◆ **ACTION ITEM**:
Where does the word "fill" show up in the records? Copy every line that has it.

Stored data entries
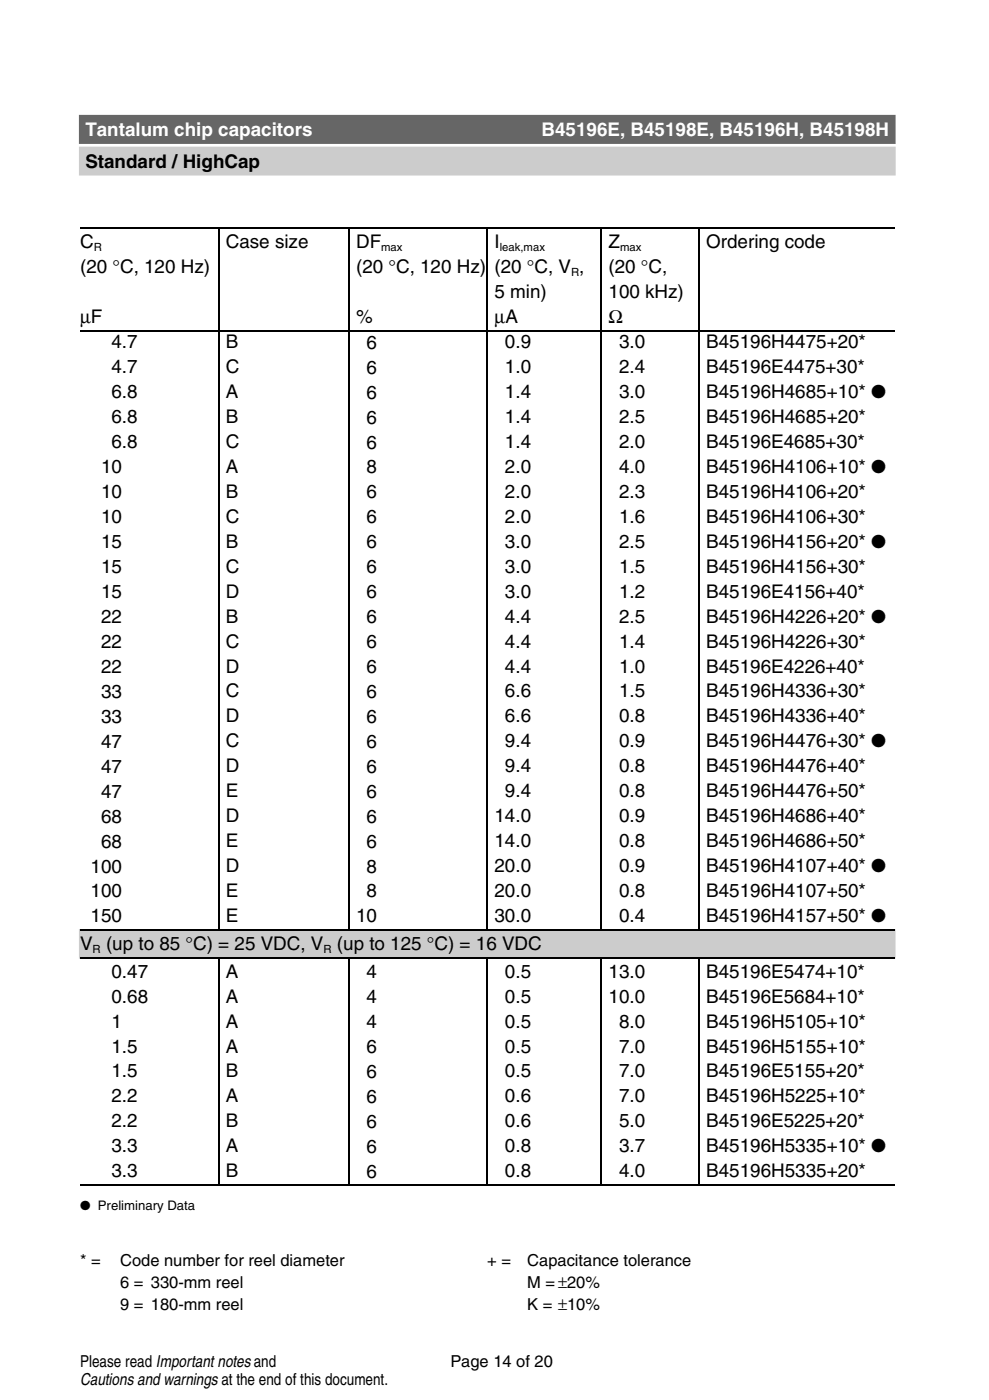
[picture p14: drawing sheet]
<svg xmlns="http://www.w3.org/2000/svg" width="148mm" height="210mm" viewBox="0 0 148 210" stroke-linecap="round" stroke-linejoin="round" font-family="sans-serif">
<defs><g id="words">
<g font-size="2.8" fill="#fff">
<text x="12.8" y="20.4">Tantalum chip capacitors</text>
<text x="81.1" y="20.4">B45196E, B45198E, B45196H, B45198H</text>
</g>
<g font-size="2.8">
<text x="12.8" y="25.2">Standard / HighCap</text>
<text x="12" y="37.2">C</text>
<text x="12" y="40.9">(20 °C, 120 Hz)</text>
<text x="33.8" y="37.2">Case size</text>
<text x="53.3" y="37.2">DF</text>
<text x="53.3" y="40.9">(20 °C, 120 Hz)</text>
<text x="74.1" y="37.2">I</text>
<text x="74.1" y="40.9">(20 °C, V ,</text>
<text x="91.2" y="37.2">Z</text>
<text x="91.2" y="40.9">(20 °C,</text>
<text x="105.8" y="37.2">Ordering code</text>
<text x="74.1" y="44.7">5 min)</text>
<text x="91.2" y="44.7">100 kHz)</text>
<text x="12" y="48.4">µF</text>
<text x="16.7" y="52.2">4.7</text>
<text x="33.8" y="52.2">B</text>
<text x="53.3" y="48.4">%</text>
<text x="54.9" y="52.3">6</text>
<text x="74.1" y="48.4">µA</text>
<text x="75.7" y="52.2">0.9</text>
<text x="91.2" y="48.4">Ω</text>
<text x="92.7" y="52.2">3.0</text>
<text x="105.8" y="52.2">B45196H4475+20*</text>
<text x="16.7" y="56">4.7</text>
<text x="16.7" y="59.7">6.8</text>
<text x="33.8" y="56">C</text>
<text x="33.8" y="59.7">A</text>
<text x="54.9" y="56">6</text>
<text x="54.9" y="59.8">6</text>
<text x="75.7" y="56">1.0</text>
<text x="75.7" y="59.7">1.4</text>
<text x="92.7" y="56">2.4</text>
<text x="92.7" y="59.7">3.0</text>
<text x="105.8" y="56">B45196E4475+30*</text>
<text x="105.8" y="59.7">B45196H4685+10* ●</text>
<text x="16.7" y="63.4">6.8</text>
<text x="33.8" y="63.4">B</text>
<text x="54.9" y="63.5">6</text>
<text x="75.7" y="63.4">1.4</text>
<text x="92.7" y="63.4">2.5</text>
<text x="105.8" y="63.4">B45196H4685+20*</text>
<text x="15.1" y="71">10</text>
<text x="16.7" y="67.2">6.8</text>
<text x="33.8" y="67.2">C</text>
<text x="33.8" y="70.9">A</text>
<text x="54.9" y="67.3">6</text>
<text x="54.9" y="71">8</text>
<text x="75.7" y="67.2">1.4</text>
<text x="75.7" y="70.9">2.0</text>
<text x="92.7" y="67.2">2.0</text>
<text x="92.7" y="70.9">4.0</text>
<text x="105.8" y="67.2">B45196E4685+30*</text>
<text x="105.8" y="70.9">B45196H4106+10* ●</text>
<text x="15.1" y="74.7">10</text>
<text x="33.8" y="74.7">B</text>
<text x="54.9" y="74.7">6</text>
<text x="75.7" y="74.7">2.0</text>
<text x="92.7" y="74.7">2.3</text>
<text x="105.8" y="74.7">B45196H4106+20*</text>
<text x="15.1" y="78.5">10</text>
<text x="15.1" y="82.2">15</text>
<text x="33.8" y="78.4">C</text>
<text x="33.8" y="82.1">B</text>
<text x="54.9" y="78.5">6</text>
<text x="54.9" y="82.2">6</text>
<text x="75.7" y="78.4">2.0</text>
<text x="75.7" y="82.1">3.0</text>
<text x="92.7" y="78.4">1.6</text>
<text x="92.7" y="82.1">2.5</text>
<text x="105.8" y="78.4">B45196H4106+30*</text>
<text x="105.8" y="82.1">B45196H4156+20* ●</text>
<text x="15.1" y="85.9">15</text>
<text x="15.1" y="89.7">15</text>
<text x="33.8" y="85.9">C</text>
<text x="33.8" y="89.6">D</text>
<text x="54.9" y="85.9">6</text>
<text x="54.9" y="89.7">6</text>
<text x="75.7" y="85.9">3.0</text>
<text x="75.7" y="89.6">3.0</text>
<text x="92.7" y="85.9">1.5</text>
<text x="92.7" y="89.6">1.2</text>
<text x="105.8" y="85.9">B45196H4156+30*</text>
<text x="105.8" y="89.6">B45196E4156+40*</text>
<text x="15.1" y="93.4">22</text>
<text x="33.8" y="93.4">B</text>
<text x="54.9" y="93.4">6</text>
<text x="75.7" y="93.4">4.4</text>
<text x="92.7" y="93.4">2.5</text>
<text x="105.8" y="93.4">B45196H4226+20* ●</text>
<text x="15.1" y="97.2">22</text>
<text x="15.1" y="100.9">22</text>
<text x="33.8" y="97.1">C</text>
<text x="33.8" y="100.8">D</text>
<text x="54.9" y="97.2">6</text>
<text x="54.9" y="100.9">6</text>
<text x="75.7" y="97.1">4.4</text>
<text x="75.7" y="100.8">4.4</text>
<text x="92.7" y="97.1">1.4</text>
<text x="92.7" y="100.8">1.0</text>
<text x="105.8" y="97.1">B45196H4226+30*</text>
<text x="105.8" y="100.8">B45196E4226+40*</text>
<text x="15.1" y="104.6">33</text>
<text x="33.8" y="104.6">C</text>
<text x="54.9" y="104.6">6</text>
<text x="75.7" y="104.6">6.6</text>
<text x="92.7" y="104.6">1.5</text>
<text x="105.8" y="104.6">B45196H4336+30*</text>
<text x="15.1" y="108.4">33</text>
<text x="15.1" y="112.1">47</text>
<text x="33.8" y="108.3">D</text>
<text x="33.8" y="112.1">C</text>
<text x="54.9" y="108.4">6</text>
<text x="54.9" y="112.1">6</text>
<text x="75.7" y="108.3">6.6</text>
<text x="75.7" y="112.1">9.4</text>
<text x="92.7" y="108.3">0.8</text>
<text x="92.7" y="112.1">0.9</text>
<text x="105.8" y="108.3">B45196H4336+40*</text>
<text x="105.8" y="112.1">B45196H4476+30* ●</text>
<text x="15.1" y="115.9">47</text>
<text x="15.1" y="119.6">47</text>
<text x="33.8" y="115.8">D</text>
<text x="33.8" y="119.5">E</text>
<text x="54.9" y="115.9">6</text>
<text x="54.9" y="119.6">6</text>
<text x="75.7" y="115.8">9.4</text>
<text x="75.7" y="119.5">9.4</text>
<text x="92.7" y="115.8">0.8</text>
<text x="92.7" y="119.5">0.8</text>
<text x="105.8" y="115.8">B45196H4476+40*</text>
<text x="105.8" y="119.5">B45196H4476+50*</text>
<text x="15.1" y="123.3">68</text>
<text x="33.8" y="123.3">D</text>
<text x="54.9" y="123.3">6</text>
<text x="74.1" y="123.3">14.0</text>
<text x="92.7" y="123.3">0.9</text>
<text x="105.8" y="123.3">B45196H4686+40*</text>
<text x="13.6" y="130.8">100</text>
<text x="15.1" y="127.1">68</text>
<text x="33.8" y="127">E</text>
<text x="33.8" y="130.8">D</text>
<text x="54.9" y="127.1">6</text>
<text x="54.9" y="130.8">8</text>
<text x="74.1" y="127">14.0</text>
<text x="74.1" y="130.8">20.0</text>
<text x="92.7" y="127">0.8</text>
<text x="92.7" y="130.8">0.9</text>
<text x="105.8" y="127">B45196H4686+50*</text>
<text x="105.8" y="130.8">B45196H4107+40* ●</text>
<text x="13.6" y="134.6">100</text>
<text x="33.8" y="134.5">E</text>
<text x="54.9" y="134.6">8</text>
<text x="74.1" y="134.5">20.0</text>
<text x="92.7" y="134.5">0.8</text>
<text x="105.8" y="134.5">B45196H4107+50*</text>
<text x="12" y="142.4">V</text>
<text x="13.6" y="138.3">150</text>
<text x="15.9" y="142.4">(up to 85 °C) = 25 VDC, V</text>
<text x="33.8" y="138.2">E</text>
<text x="50.5" y="142.4">(up to 125 °C) = 16 VDC</text>
<text x="53.3" y="138.3">10</text>
<text x="74.1" y="138.2">30.0</text>
<text x="92.7" y="138.2">0.4</text>
<text x="105.8" y="138.2">B45196H4157+50* ●</text>
<text x="16.7" y="146.6">0.47</text>
<text x="33.8" y="146.6">A</text>
<text x="54.9" y="146.7">4</text>
<text x="75.7" y="146.6">0.5</text>
<text x="91.2" y="146.6">13.0</text>
<text x="105.8" y="146.6">B45196E5474+10*</text>
<text x="16.7" y="150.3">0.68</text>
<text x="16.7" y="154.1">1</text>
<text x="33.8" y="150.3">A</text>
<text x="33.8" y="154.1">A</text>
<text x="54.9" y="150.4">4</text>
<text x="54.9" y="154.1">4</text>
<text x="75.7" y="150.3">0.5</text>
<text x="75.7" y="154.1">0.5</text>
<text x="91.2" y="150.3">10.0</text>
<text x="92.7" y="154.1">8.0</text>
<text x="105.8" y="150.3">B45196E5684+10*</text>
<text x="105.8" y="154.1">B45196H5105+10*</text>
<text x="16.7" y="157.8">1.5</text>
<text x="16.7" y="161.5">1.5</text>
<text x="33.8" y="157.8">A</text>
<text x="33.8" y="161.5">B</text>
<text x="54.9" y="157.9">6</text>
<text x="54.9" y="161.6">6</text>
<text x="75.7" y="157.8">0.5</text>
<text x="75.7" y="161.5">0.5</text>
<text x="92.7" y="157.8">7.0</text>
<text x="92.7" y="161.5">7.0</text>
<text x="105.8" y="157.8">B45196H5155+10*</text>
<text x="105.8" y="161.5">B45196E5155+20*</text>
<text x="16.7" y="165.3">2.2</text>
<text x="33.8" y="165.3">A</text>
<text x="54.9" y="165.4">6</text>
<text x="75.7" y="165.3">0.6</text>
<text x="92.7" y="165.3">7.0</text>
<text x="105.8" y="165.3">B45196H5225+10*</text>
<text x="16.7" y="169">2.2</text>
<text x="16.7" y="172.8">3.3</text>
<text x="33.8" y="169">B</text>
<text x="33.8" y="172.8">A</text>
<text x="54.9" y="169.1">6</text>
<text x="54.9" y="172.8">6</text>
<text x="75.7" y="169">0.6</text>
<text x="75.7" y="172.8">0.8</text>
<text x="92.7" y="169">5.0</text>
<text x="92.7" y="172.8">3.7</text>
<text x="105.8" y="169">B45196E5225+20*</text>
<text x="105.8" y="172.8">B45196H5335+10* ●</text>
<text x="16.7" y="176.5">3.3</text>
<text x="33.8" y="176.5">B</text>
<text x="54.9" y="176.6">6</text>
<text x="75.7" y="176.5">0.8</text>
<text x="92.7" y="176.5">4.0</text>
<text x="105.8" y="176.5">B45196H5335+20*</text>
</g>
<g font-size="2.5">
<text x="12" y="189.8">* =</text>
<text x="18" y="189.8">Code number for reel diameter</text>
<text x="73" y="189.8">+ =</text>
<text x="79" y="189.8">Capacitance tolerance</text>
<text x="18" y="193.2">6 = 330-mm reel</text>
<text x="18" y="196.4">9 = 180-mm reel</text>
<text x="79" y="193.2">M =±20%</text>
<text x="79" y="196.4">K = ±10%</text>
<text x="12" y="204.9">Please read Importantnotesand</text>
<text x="12" y="207.7">Cautions andwarnings at the end of this document.</text>
<text x="67.5" y="204.9">Page 14 of 20</text>
</g>
<text font-size="2" x="12" y="181.4">● Preliminary Data</text>
<g font-size="1.7">
<text x="14" y="37.7">R</text>
<text x="57.1" y="37.7">max</text>
<text x="74.9" y="37.7">leak,max</text>
<text x="85.6" y="41.4">R</text>
<text x="92.9" y="37.7">max</text>
<text x="13.9" y="142.9">R</text>
<text x="48.5" y="142.9">R</text>
</g>
</g></defs>
<g fill="none" stroke="#000" stroke-width=".18">
<path d="M12 34.1h20.7M32.7 34.1v105.3M32.8 34.1h19.5M52.3 34.1v105.3M52.3 34.1h20.7M73 34.1v105.3M73.1 34.1h17M90.1 34.1v105.3M90.2 34.1h14.5M104.7 34.1v105.3M104.8 34.1h29.2M12 49.6h20.7"/>
<path d="M32.8 49.6h19.5M52.3 49.6h20.7M73.1 49.6h17M90.2 49.6h14.5M104.8 49.6h29.2M12 139.4h122M12 143.6h122M32.7 143.6v34.1M52.3 143.6v34.1M73 143.6v34.1M90.1 143.6v34.1M104.7 143.6v34.1"/>
<path d="M12 177.7h122"/>
</g>
<g fill="#ccc" stroke="#ccc" stroke-width=".35">
<path d="M12 139.5h122v4.1h-122z"/>
<path d="M12 22.2h122v4h-122z"/>
</g>
<path d="M12 17.4h122v4h-122z" fill="#666" stroke="#666" stroke-width=".35"/>
<use href="#words"/>
</svg>

◆ **YOUR SOLUTION**:
<g font-size="2.8" fill="#fff">
<g fill="none" stroke="#000" stroke-width=".18">
<g fill="#ccc" stroke="#ccc" stroke-width=".35">
<path d="M12 17.4h122v4h-122z" fill="#666" stroke="#666" stroke-width=".35"/>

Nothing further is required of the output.